Claims leakage, answered
How much does claims leakage cost?
Industry estimates put claims leakage at 5–10% of claims paid, with some audits materially higher. On a book paying $250M a year, that is roughly $12.5M–$25M annually. Use the calculator above to estimate it against your own paid-loss figure.
How is claims leakage calculated?
Leakage is the gap between what was paid and what should have been paid under correct handling. As a planning estimate, apply a leakage rate — commonly 5–10% — to your annual claims paid. This calculator scales that rate by the experienced share of your desk, because overpayment concentrates among less-experienced handlers.
What is a typical claims leakage rate?
Most insurers cite 5–10% of claims paid. Conservative internal tracking often shows 2–4%, while rigorous audits frequently uncover 20–30%, because much leakage is invisible to standard tracking.
Why does adjuster experience affect leakage?

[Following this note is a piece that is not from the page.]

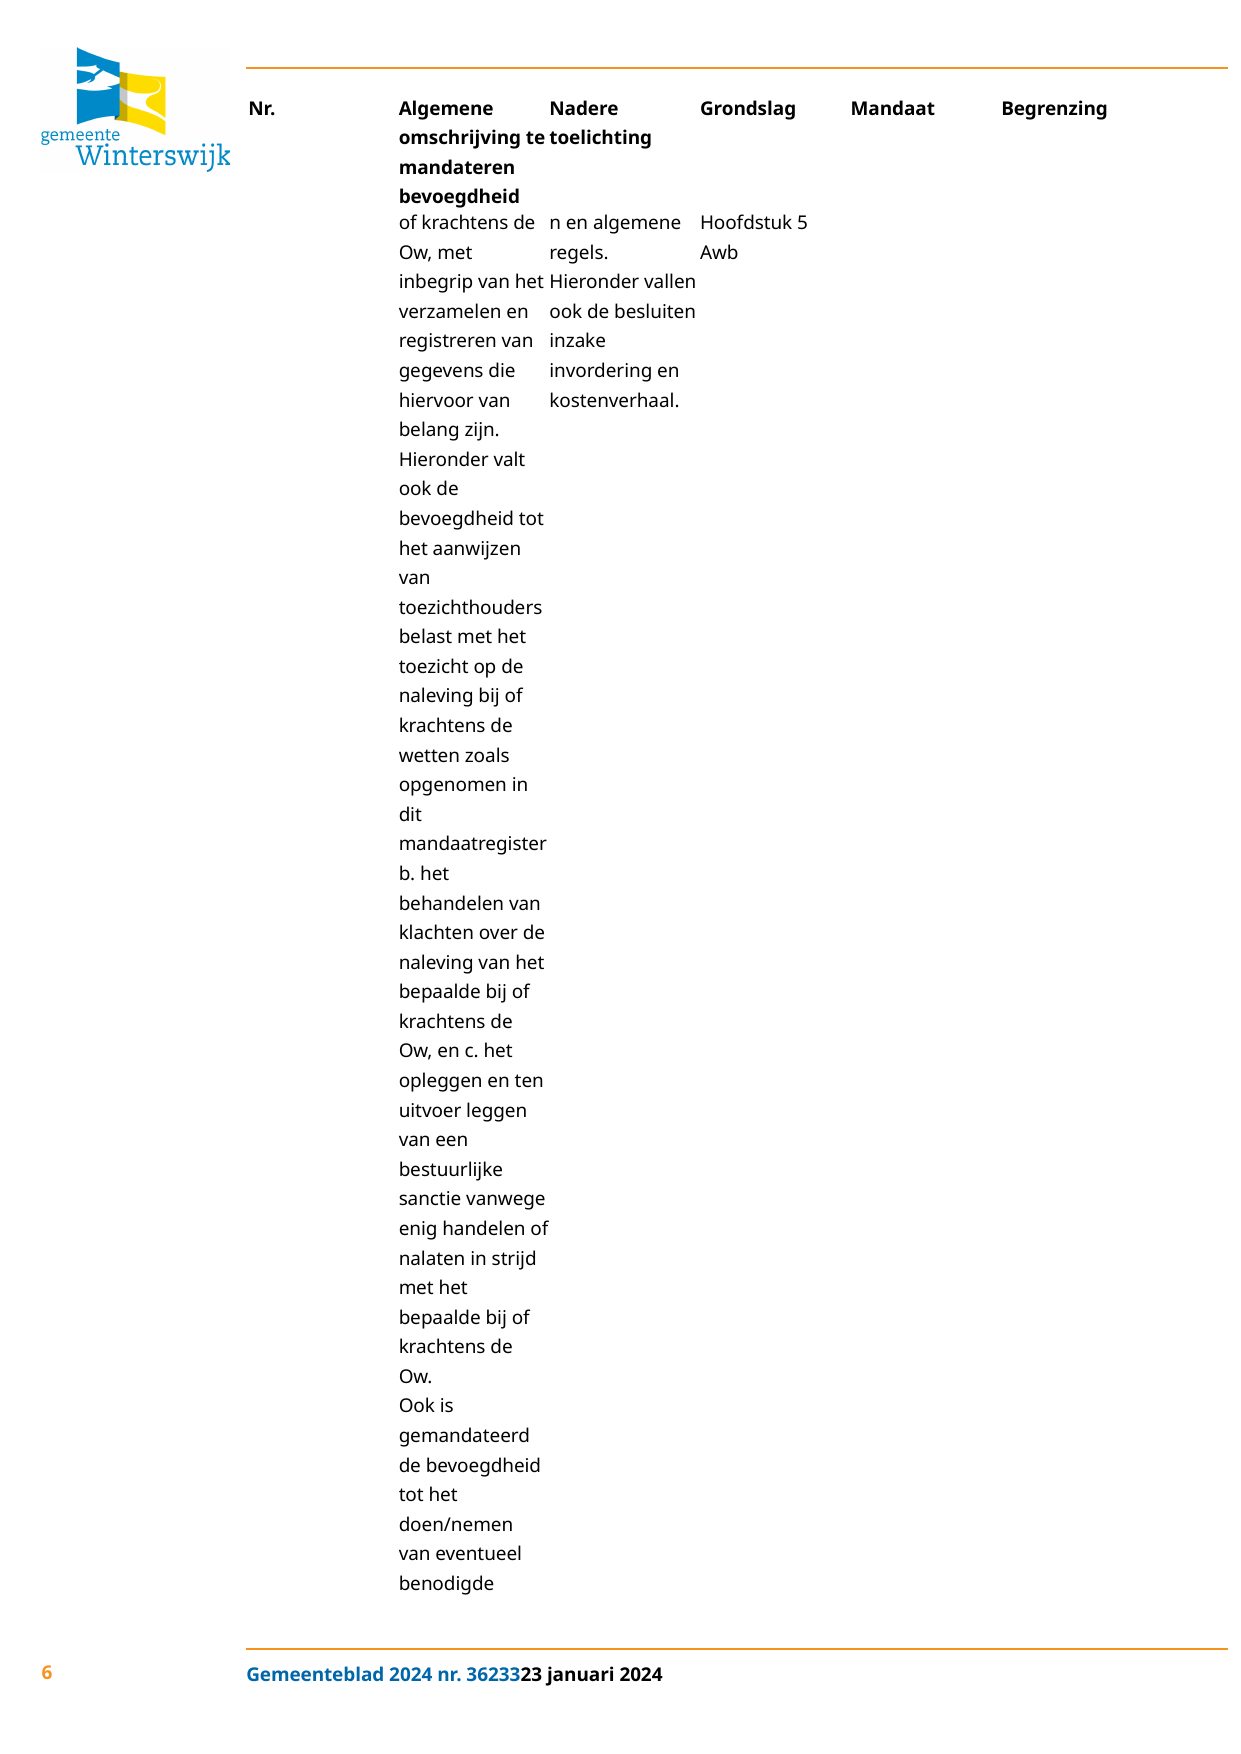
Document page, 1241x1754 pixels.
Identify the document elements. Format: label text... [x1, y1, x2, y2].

Most leakage is a human-factor problem — error, missed information, and judgment. Audits find overpayment concentrates among less-experienced or lower-performing adjusters, so as experienced staff retire and the seasoned share of a desk falls, the leakage rate tends to rise.
How can you reduce claims leakage?
Standardise the path through complex claims, capture the reasoning behind each decision, and score decisions against how your best adjusters decide — so consistency does not depend on who picks up the file. That is the approach Mysa takes: it captures the reasoning behind every call as part of the decision itself.
What is claims leakage?
Claims leakage is the difference between what an insurer actually pays on a claim and what it should have paid under accurate, consistent handling. It hides in small routine decisions — a liability split set a little too generously, a subrogation recovery never pursued, a reserve corrected late — which is why it rarely shows up as a single line and is so often under-measured.
How this is calculated
The calculator applies a leakage rate to your annual claims paid, anchored on the industry range — 5% at a veteran-heavy desk, up to 10% as the seasoned share falls. The endpoints and direction are sourced; the slope between them is an illustrative model, so treat the output as an order-of-magnitude estimate.
How to reduce claims leakage
Because most leakage is a judgment problem, the durable fix is to make judgment consistent. That is what Mysa does: it reads the whole claim, applies your rules, and captures the reasoning behind every call as part of the decision itself. For the workforce story behind the numbers, see the judgment crisis.
Sources
- Industry estimates on claims leakage — consistently 5–10% of claims paid (some analyses materially higher). Regure; The Lab Consulting.
- CAS Loss Reserve Seminar (CLRS) 2013 — claims-leakage data-mining: overpayment concentrates among lower-performing adjusters, who overpaid each claim by over half its expected loss.
- Insurance Information Institute (Triple-I) / U.S. Bureau of Labor Statistics — insurance workforce aging: ~50% retiring within 15 years.